It’s time for a homeschool mid-year check up! Just like you get check-ups, your homeschool needs them too.
Do you go to the doctor when you’re not feeling well? Hopefully you’re better about it than I am. I typically wait until I feel like I’m dying before I call the doctor and that’s usually one of the worst things I can do. If I would have gone sooner, not only would I have felt better faster, it also wouldn’t have gotten as bad as it did. All those years of not going in for a checkup isn’t the best thing either. What if something was wrong with me and I didn’t know it yet? You would know if you did a homeschool mid-year check up!
A check up could alert the doctor and myself to something that’s wrong before it gets serious. So why do we put them off? It’s no different for my homeschool or yours. Even homeschools need checkups, and doing a homeschool mid-year check up is a must. Why bother? Especially if everything seems to be going really good.
It gives you a chance to review your goals – are you meeting them, or not, or sorta kinda. Maybe homeschool is going great, but could you spice it up a little more? Are your kids really learning? Is everything going great because the work is too easy and not challenging them? Maybe you’ve just found a really great rhythm and nothing needs tweaking. Congratulations! Enjoy this phase while it lasts!
Why do a mid-year homeschool review? By the time you reach the Christmas break you’ve been using your curriculum long enough to hopefully now if it’s working or not. This is the best time during the homeschool year to make change. You can start fresh after the break. There is still enough time to tweak what you’re using if it’s not working for you. Can’t order new curriculum? Then just tweak what you’re using or go back to what was working. Make it work for you, not the other way around!

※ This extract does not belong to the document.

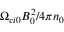Convert formula to latex. <formula><loc_0><loc_0><loc_500><loc_500>\Omega _ { c i 0 } B _ { 0 } ^ { 2 } / 4 \pi n _ { 0 }</formula>

Review your goals for the homeschool year. Are they obtainable? Have you met your goals? Make some new ones. Look carefully at your kids grades, is the work too hard? Is it too easy? Or is it Goldilocks? Are you having any discipline problems that need to be addressed? This can be a reflection of the curriculum, learning style and many other things. Take time to think and pray over these things now before it becomes worse.
How’s your record keeping? Are you keeping up? If not, take this time to get caught up. Do you like your record keeping or would you like to switch next year? Make notes! Take time to really assess your whole homeschool, the curriculum, classes, projects, extras and make notes of what you’d like to change for next year. Are there fun projects or field trips, movies, anything that you forgot about or would still like to do? Try to see if you can work them in.
Talk with your kids! Ask them how they feel homeschool is going. Are they being socialized enough? Are there things they want to learn that you didn’t know about? Do they feel like they’re struggling anywhere or would they like a little more of a challenge? You’d be surprised at what your kids will tell you when they feel like they can open up to you and they should be able to be honest with you about homeschool. But be prepared, we need to be critiqued too, and sometimes that pill can be hard to swallow. But if we need to make changes, then they should start with us.
Think about a mid-year review like a review at your job. Some companies only do annual reviews and some do both. This gives the employer and the employee a chance to find out the company as a whole is doing and if it’s moving along the projected path. It also does the same for the employee. Are you still heading in the right direction, how’s your attitude toward the company and fellow employees, etc.
It’s really no different for a homeschool. We need to know as teachers how we’re doing. We need to know how our homeschool as a whole is doing and are we still on the path we set at the beginning of the homeschool year? How does the principal of the homeschool think we’re doing? If that’s your spouse, are they fully aware of what’s really going on? And what about our students, how do they feel about the homeschool as a whole, their work, curriculum, attitudes, etc.
Now is the time to fix what needs to be fixed for the remainder of this homeschool year. Above all, take time to pray over your homeschool, yourself as a teacher and your kids as students. Then take time to reflect and review. You could do it a home, Starbucks or do it retreat style and go away for a weekend. Wherever you will have some quiet time. Just remember this is not the time to beat yourself up. It’s just a mid-year checkup!